The final step is making the garment using all the patterns provided in a separate pocket within the book. She has a clear, engaging vision of how we can live sustainably and shares this with warmth rather than worthiness.Five crops; blackberry, cabbage, nettle, onion and rhubarb play leading roles in this book by Bella Gonshorovitz, as they carry the reader through each step or process: grow, cook, dye, wear.

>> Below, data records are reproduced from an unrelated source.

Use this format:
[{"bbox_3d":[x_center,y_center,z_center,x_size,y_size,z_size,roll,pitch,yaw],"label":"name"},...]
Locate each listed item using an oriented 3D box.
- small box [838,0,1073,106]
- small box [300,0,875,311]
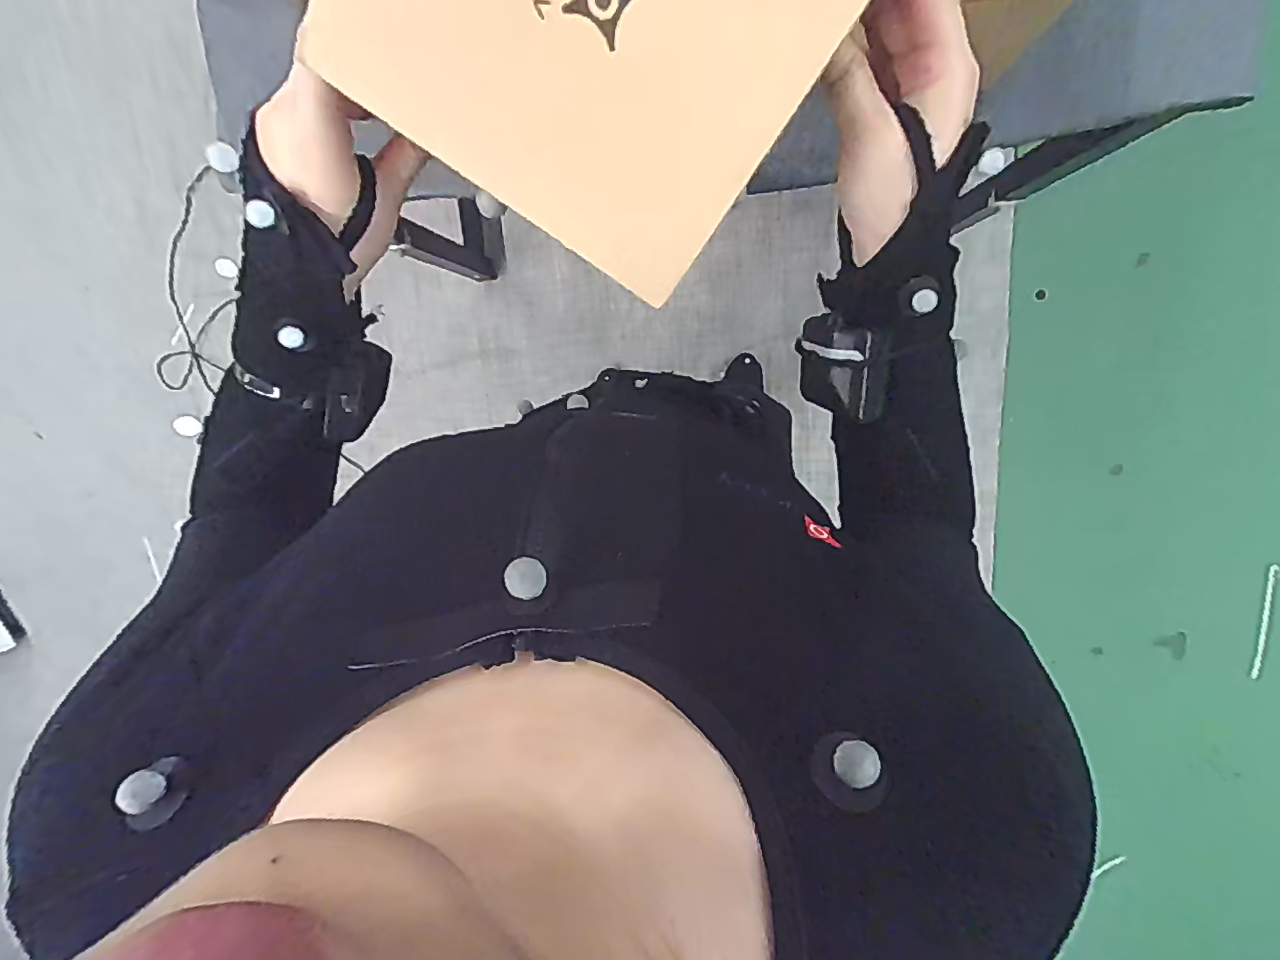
[{"bbox_3d":[0.295,-0.502,0.521,0.168,0.176,0.179,-1,101,8],"label":"small box"},{"bbox_3d":[-0.016,-0.220,0.269,0.179,0.176,0.168,31,119,-15],"label":"small box"}]
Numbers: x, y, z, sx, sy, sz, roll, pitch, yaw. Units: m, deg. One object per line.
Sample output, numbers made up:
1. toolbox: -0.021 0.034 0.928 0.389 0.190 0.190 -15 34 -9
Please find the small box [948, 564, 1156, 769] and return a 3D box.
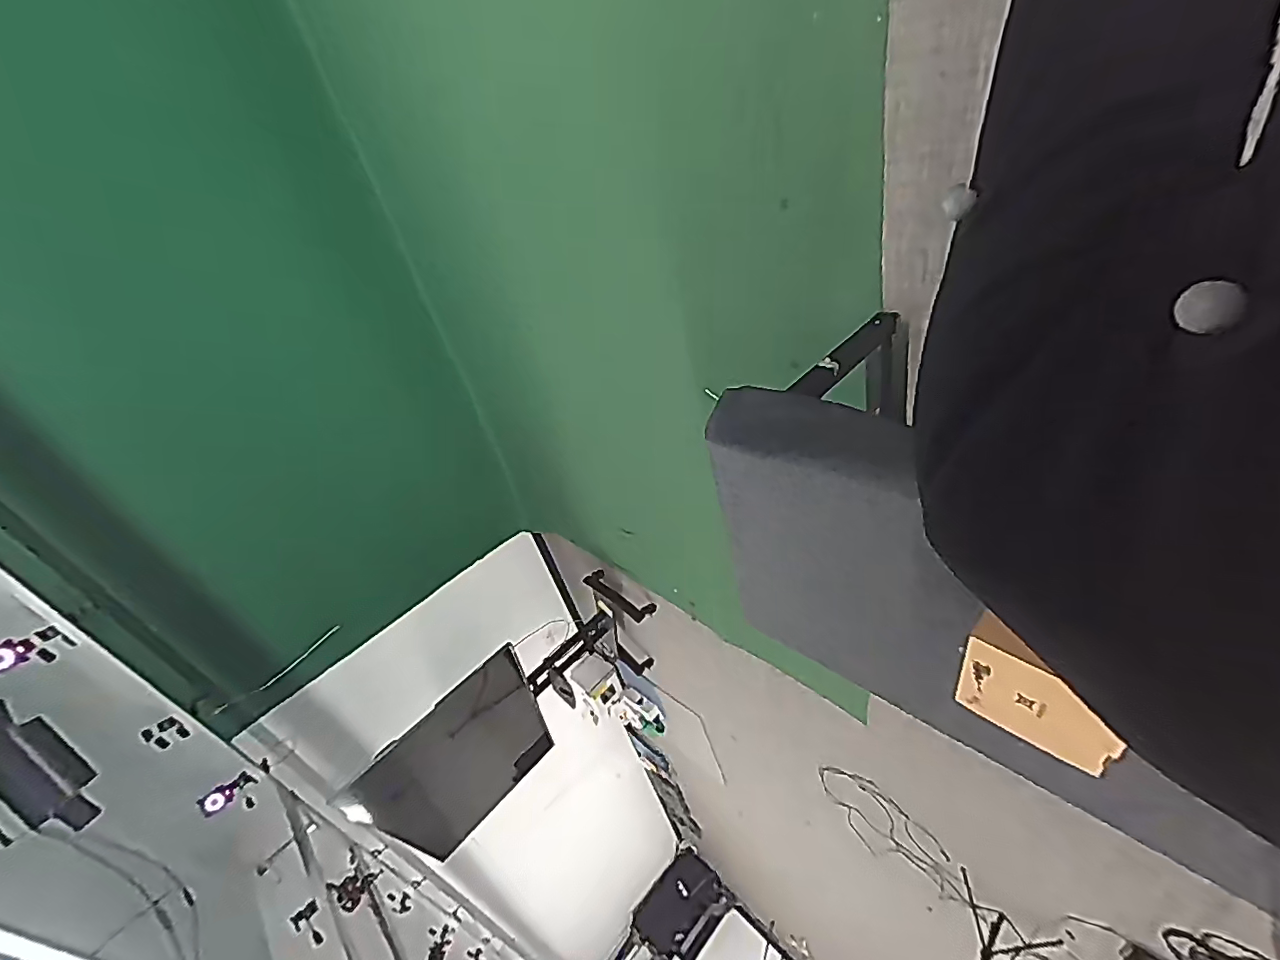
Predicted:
1. small box: 0.563 0.246 0.749 0.179 0.176 0.168 25 143 41
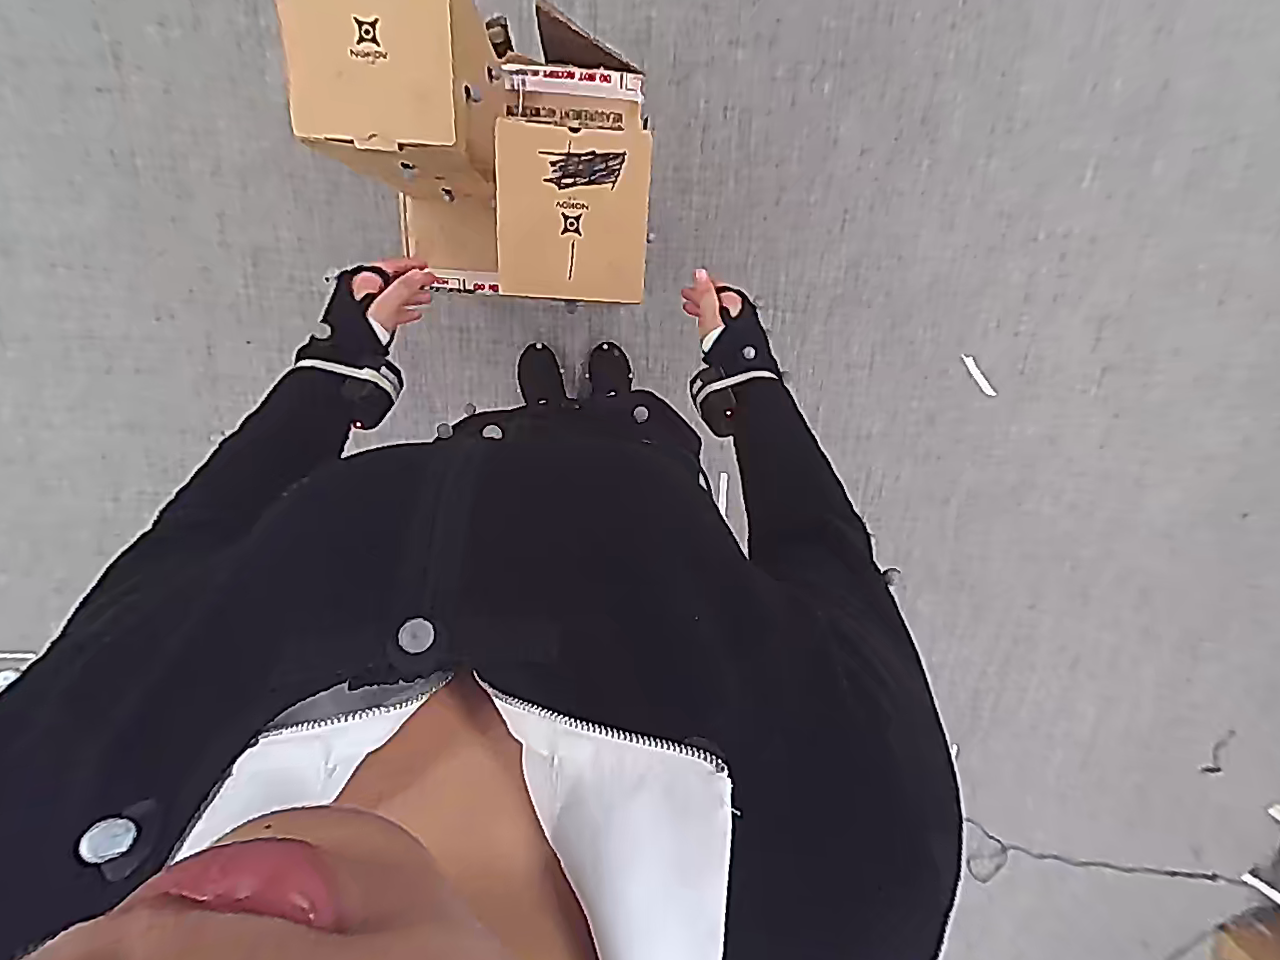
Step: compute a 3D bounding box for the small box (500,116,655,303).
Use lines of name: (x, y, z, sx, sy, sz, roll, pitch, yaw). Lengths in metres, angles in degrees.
small box: (-0.076, -0.316, 0.667, 0.168, 0.176, 0.179, 2, 109, -4)

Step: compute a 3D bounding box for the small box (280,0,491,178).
small box: (-0.268, -0.454, 0.608, 0.168, 0.176, 0.179, 2, 108, -3)

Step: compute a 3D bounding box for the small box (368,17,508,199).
small box: (-0.282, -0.513, 0.761, 0.168, 0.176, 0.179, 0, 108, -3)

Like most recipe books, the recipes are a little hit-and-miss, but the majority of recipes in this are actually really good, which surprised me - a lot of vegan cookbooks pair the strangest ingredients and make really conflicting meals, but for the most part, the recipes here were unusual but really delicious. Right now, the book offers a very feasible experience that does not involve growing plants to extract fiber, dyeing those and then weaving them into a fabric. Die gewählte Schrift ist nur schwer zu entziffern und das macht das Lesen enorm anstrengend, weswegen ich dem Buch nur 4 Sterne gegeben habe. Onion is a great choice, as it can be cultivated easily and if people lack space to grow it, it’s common enough to be able to source skins.

My wife uses natural botanicals to dye Irish wool as a hobby, but does enough of it that we built a free-standing wool dyeing studio (she-shed) for her. I always feel that everything can continually be more sustainable but nothing is ever truly sustainable. There are interesting recipes and the book is written in a way that is nice to read and welcoming to beginners.